I do not think “The Patzer” is a good name for this opening because it is the the name of another, discredited opening which begins, 1e4 e5 2 Qh5 (http://www.killegarchess.com/forum/3-chess-openings/1206-re-the-patzers-opening-wayward-queen-attackparham-attack.html).
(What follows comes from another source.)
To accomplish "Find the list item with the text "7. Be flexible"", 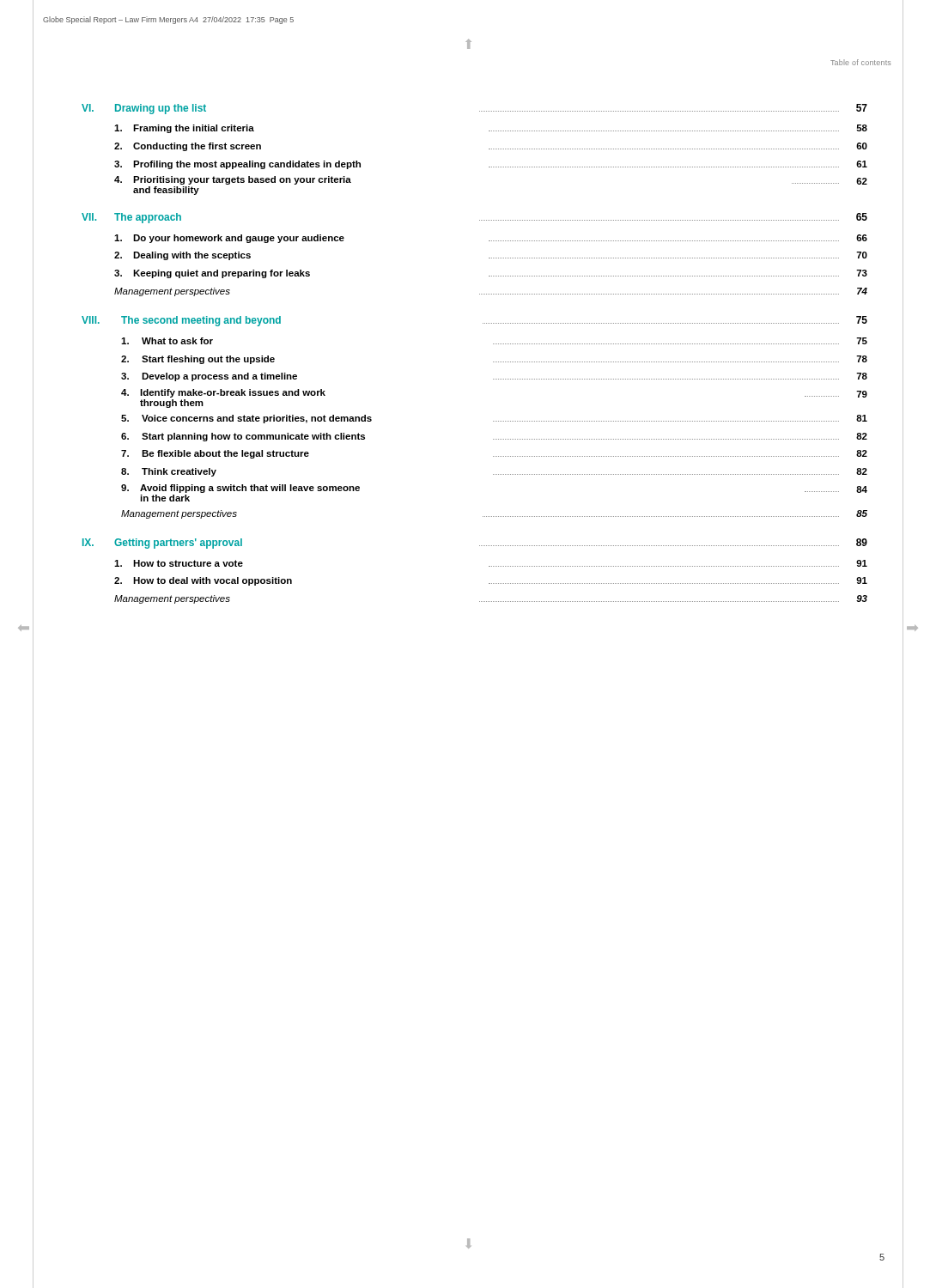I will [494, 454].
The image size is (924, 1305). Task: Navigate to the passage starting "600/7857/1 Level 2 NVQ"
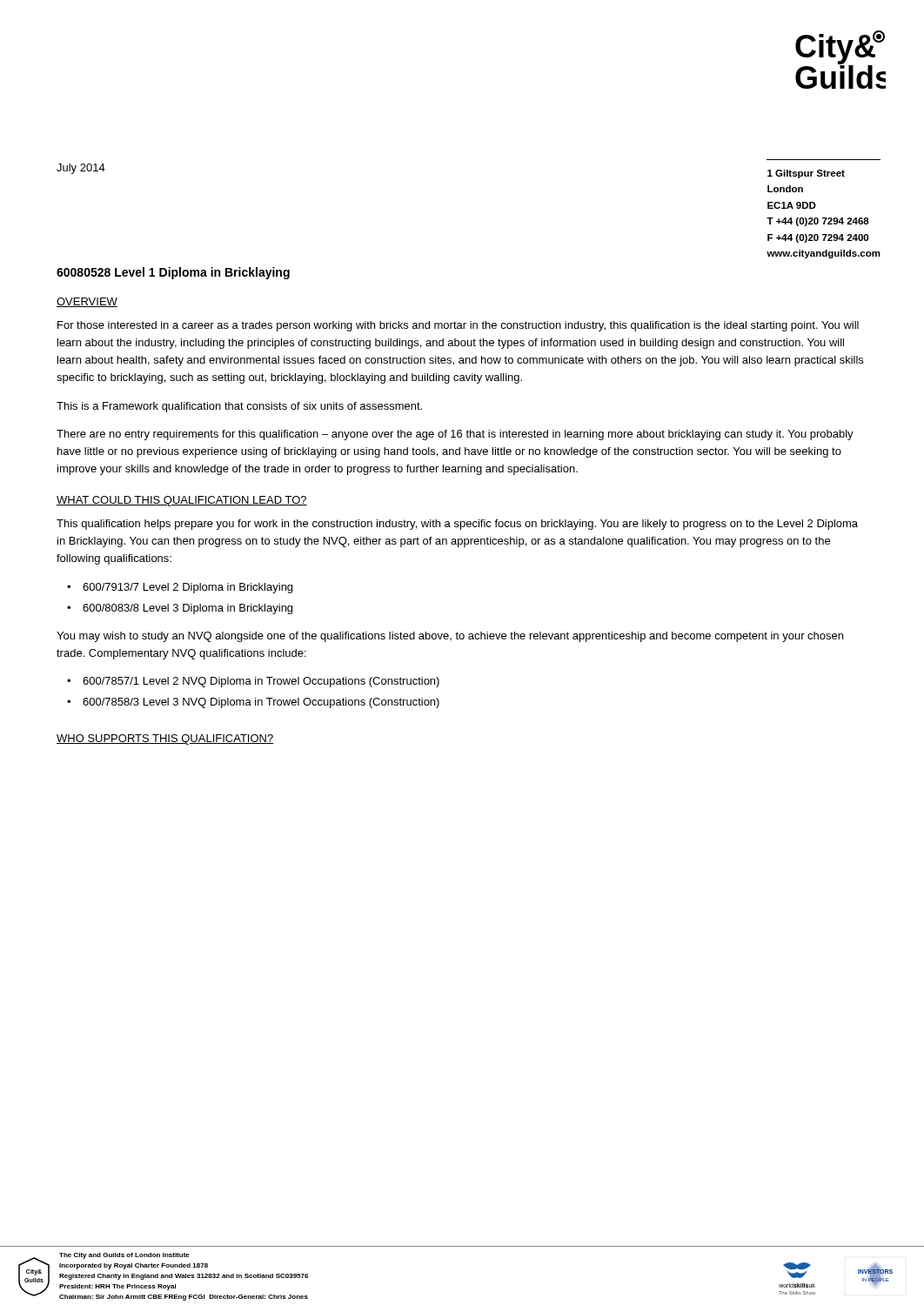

There are those who teach this opening to youngsters as part of their curriculum and when the little Spud defeats his opponent in four moves tell the parent it is proof that their “Spud” has learned how to play chess and has the potential to become a “champion.” This is a disservice to the Royal game. It also begs the question of why anyone who cannot defend against “The Patzer” is playing in an organized chess tournament. Granted, IM Boris Kogan said, “One can play any opening.” but he also said, when I opened with 1 g4 against him and reminded him of what he said earlier, “But not that opening.” Playing “The Patzer” falls into the category of moves not to be played.

Preston Ware played the move seven times at Vienna, 1882, winning against Weiss, but losing the other six games against Winawer; Zukertort; Steinitz; Meitner; Paulsen; and the man called “Black death.”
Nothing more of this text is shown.